= ACTION ITEM =
Look through the data below for the line with "19. bicycle (0, 570, 62, 707)" and the line with "-11, 78, -7)", then output those two and all lines in between, exactly as written.

Entries taken from a collection
━━━━━━━━━━

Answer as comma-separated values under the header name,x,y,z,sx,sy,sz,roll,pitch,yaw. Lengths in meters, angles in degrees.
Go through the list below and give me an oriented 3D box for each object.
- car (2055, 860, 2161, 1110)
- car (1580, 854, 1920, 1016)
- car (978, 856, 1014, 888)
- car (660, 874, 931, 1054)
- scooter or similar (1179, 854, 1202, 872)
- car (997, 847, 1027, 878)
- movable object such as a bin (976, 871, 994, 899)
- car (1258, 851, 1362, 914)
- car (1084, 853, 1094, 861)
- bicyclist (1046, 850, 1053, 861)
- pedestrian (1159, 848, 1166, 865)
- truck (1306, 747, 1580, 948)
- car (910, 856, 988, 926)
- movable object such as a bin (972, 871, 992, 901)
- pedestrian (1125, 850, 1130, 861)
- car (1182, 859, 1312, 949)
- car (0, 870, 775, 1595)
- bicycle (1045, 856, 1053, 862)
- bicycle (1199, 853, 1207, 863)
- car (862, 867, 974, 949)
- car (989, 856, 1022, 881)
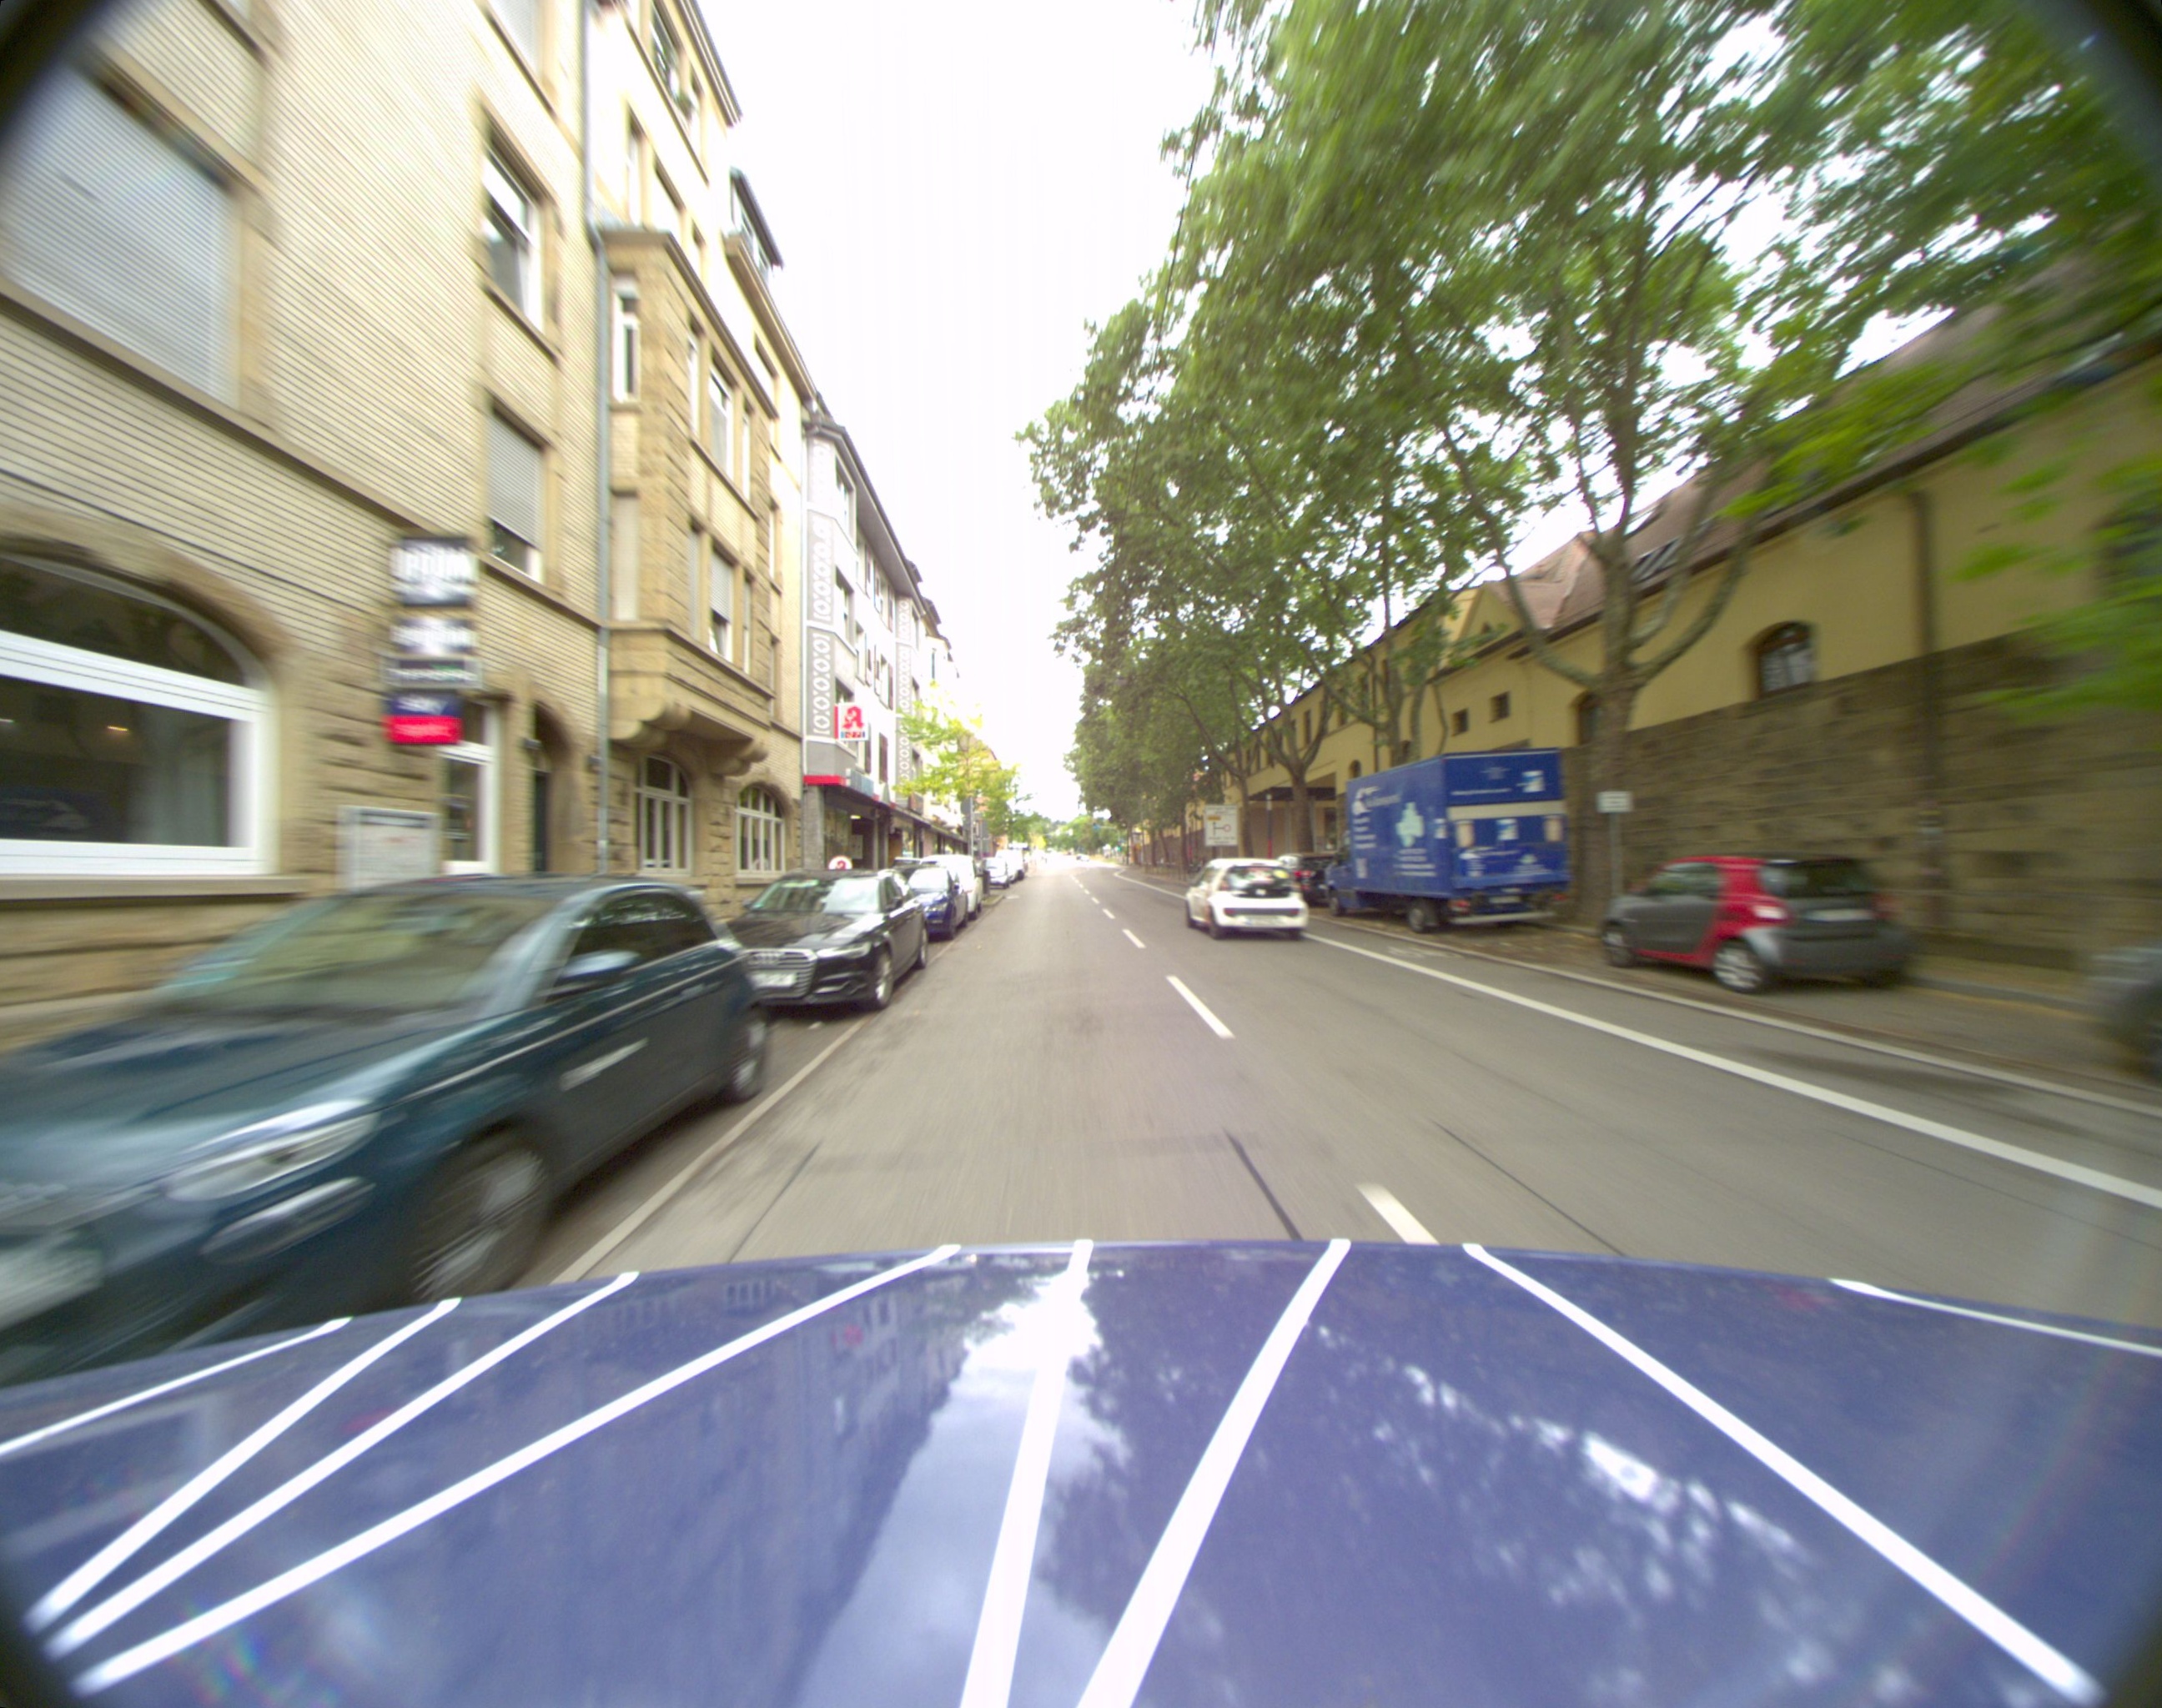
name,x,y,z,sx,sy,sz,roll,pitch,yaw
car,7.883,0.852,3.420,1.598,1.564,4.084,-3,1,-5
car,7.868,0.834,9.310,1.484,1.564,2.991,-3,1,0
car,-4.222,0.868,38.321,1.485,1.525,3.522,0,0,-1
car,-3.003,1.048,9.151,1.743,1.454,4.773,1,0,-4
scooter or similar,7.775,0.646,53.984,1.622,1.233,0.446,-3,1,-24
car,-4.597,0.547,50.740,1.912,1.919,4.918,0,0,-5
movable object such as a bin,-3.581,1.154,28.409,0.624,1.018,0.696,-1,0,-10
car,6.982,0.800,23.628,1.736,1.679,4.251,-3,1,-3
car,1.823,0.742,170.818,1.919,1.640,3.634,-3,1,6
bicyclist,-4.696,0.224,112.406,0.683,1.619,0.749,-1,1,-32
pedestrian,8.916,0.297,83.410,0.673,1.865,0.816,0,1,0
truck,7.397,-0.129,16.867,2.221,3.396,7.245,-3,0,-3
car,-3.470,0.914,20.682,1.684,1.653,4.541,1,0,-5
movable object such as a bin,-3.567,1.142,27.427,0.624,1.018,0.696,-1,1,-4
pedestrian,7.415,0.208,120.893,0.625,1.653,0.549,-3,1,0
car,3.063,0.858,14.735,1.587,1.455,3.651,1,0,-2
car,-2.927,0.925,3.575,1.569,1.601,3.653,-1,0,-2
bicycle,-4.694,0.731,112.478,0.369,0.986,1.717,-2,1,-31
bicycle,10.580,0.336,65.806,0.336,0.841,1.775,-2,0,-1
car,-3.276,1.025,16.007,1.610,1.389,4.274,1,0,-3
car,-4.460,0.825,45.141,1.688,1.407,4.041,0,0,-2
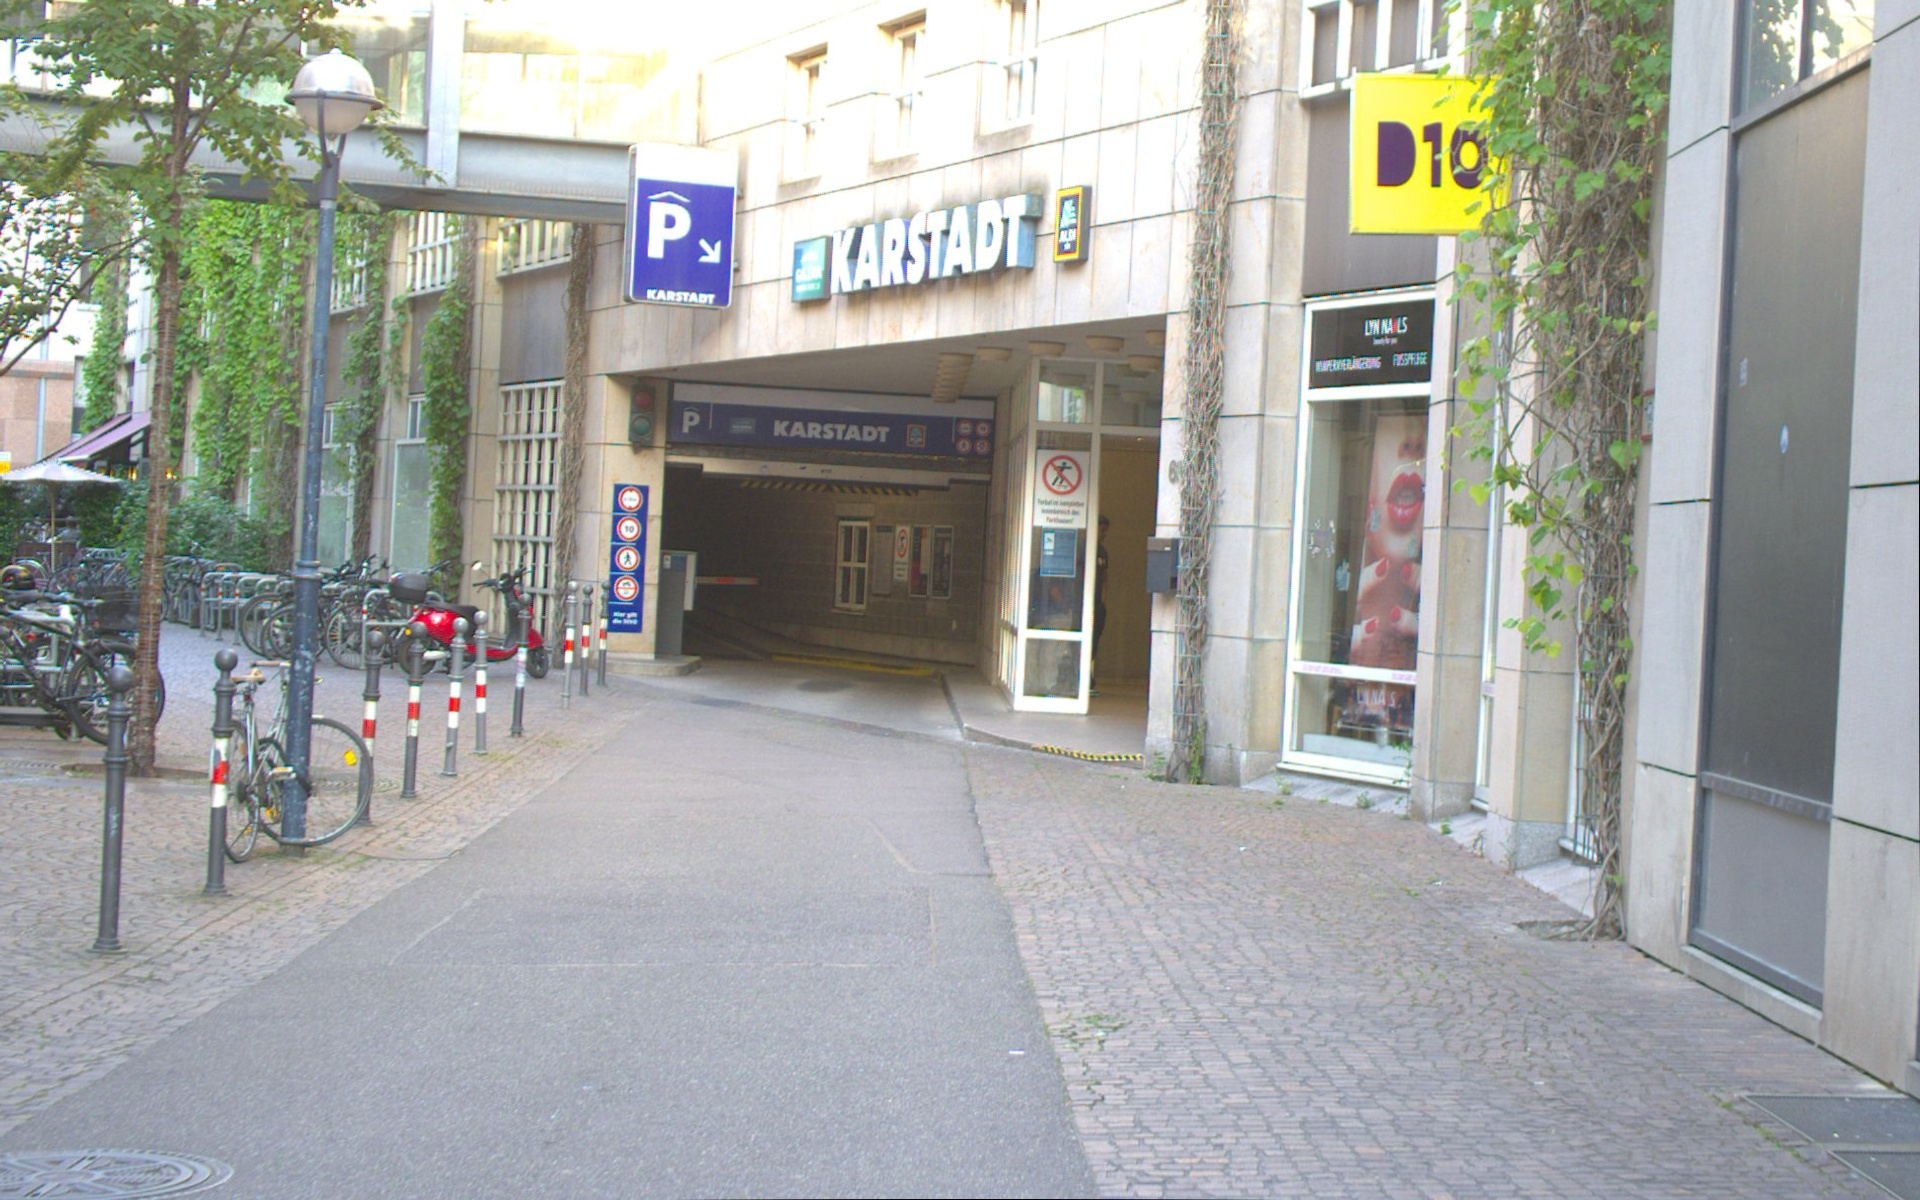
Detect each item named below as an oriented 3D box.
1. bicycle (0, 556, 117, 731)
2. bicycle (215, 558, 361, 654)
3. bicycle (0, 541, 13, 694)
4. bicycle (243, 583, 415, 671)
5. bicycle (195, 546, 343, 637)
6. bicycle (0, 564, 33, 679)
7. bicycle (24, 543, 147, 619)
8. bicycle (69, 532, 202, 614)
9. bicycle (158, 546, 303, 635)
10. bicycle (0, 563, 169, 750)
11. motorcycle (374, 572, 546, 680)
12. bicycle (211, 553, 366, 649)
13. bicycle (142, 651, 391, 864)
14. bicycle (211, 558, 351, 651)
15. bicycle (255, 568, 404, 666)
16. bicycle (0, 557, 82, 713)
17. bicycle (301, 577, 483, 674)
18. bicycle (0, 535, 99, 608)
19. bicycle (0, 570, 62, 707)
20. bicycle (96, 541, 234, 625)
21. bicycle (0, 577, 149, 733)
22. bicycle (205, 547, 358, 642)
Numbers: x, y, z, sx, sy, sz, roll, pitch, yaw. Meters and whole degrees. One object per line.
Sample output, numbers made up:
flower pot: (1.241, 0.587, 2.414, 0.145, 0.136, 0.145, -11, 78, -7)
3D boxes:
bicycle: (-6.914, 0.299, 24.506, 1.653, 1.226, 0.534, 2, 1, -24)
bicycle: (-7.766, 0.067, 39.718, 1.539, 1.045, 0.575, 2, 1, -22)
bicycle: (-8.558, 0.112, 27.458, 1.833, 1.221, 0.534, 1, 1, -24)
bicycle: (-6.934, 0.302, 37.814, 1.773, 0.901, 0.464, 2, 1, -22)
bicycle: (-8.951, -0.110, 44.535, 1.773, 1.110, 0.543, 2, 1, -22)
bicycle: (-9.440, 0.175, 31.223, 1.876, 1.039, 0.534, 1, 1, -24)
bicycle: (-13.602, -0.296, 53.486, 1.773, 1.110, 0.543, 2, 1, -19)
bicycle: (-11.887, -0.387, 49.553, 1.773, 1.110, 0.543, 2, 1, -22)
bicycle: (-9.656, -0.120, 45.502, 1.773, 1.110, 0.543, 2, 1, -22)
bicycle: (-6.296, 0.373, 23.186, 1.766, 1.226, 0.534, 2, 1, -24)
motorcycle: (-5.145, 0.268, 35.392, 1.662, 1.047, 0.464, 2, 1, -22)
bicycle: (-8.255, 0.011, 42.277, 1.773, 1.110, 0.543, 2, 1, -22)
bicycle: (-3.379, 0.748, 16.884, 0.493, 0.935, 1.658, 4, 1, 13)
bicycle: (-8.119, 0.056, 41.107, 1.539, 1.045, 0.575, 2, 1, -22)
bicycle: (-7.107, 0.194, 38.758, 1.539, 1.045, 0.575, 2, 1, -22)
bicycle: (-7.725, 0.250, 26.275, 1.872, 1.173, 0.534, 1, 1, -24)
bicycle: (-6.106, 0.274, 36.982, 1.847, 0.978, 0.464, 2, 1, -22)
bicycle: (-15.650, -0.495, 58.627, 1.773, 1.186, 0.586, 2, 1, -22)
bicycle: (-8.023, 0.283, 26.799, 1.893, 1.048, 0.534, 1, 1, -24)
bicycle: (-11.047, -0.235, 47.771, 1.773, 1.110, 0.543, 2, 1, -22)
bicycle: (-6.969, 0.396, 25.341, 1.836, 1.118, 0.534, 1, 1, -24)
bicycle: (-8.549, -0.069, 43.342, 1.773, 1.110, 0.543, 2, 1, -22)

━━━━━━━━━━

= WRITTEN ANSWER =
19. bicycle (0, 570, 62, 707)
20. bicycle (96, 541, 234, 625)
21. bicycle (0, 577, 149, 733)
22. bicycle (205, 547, 358, 642)
Numbers: x, y, z, sx, sy, sz, roll, pitch, yaw. Meters and whole degrees. One object per line.
Sample output, numbers made up:
flower pot: (1.241, 0.587, 2.414, 0.145, 0.136, 0.145, -11, 78, -7)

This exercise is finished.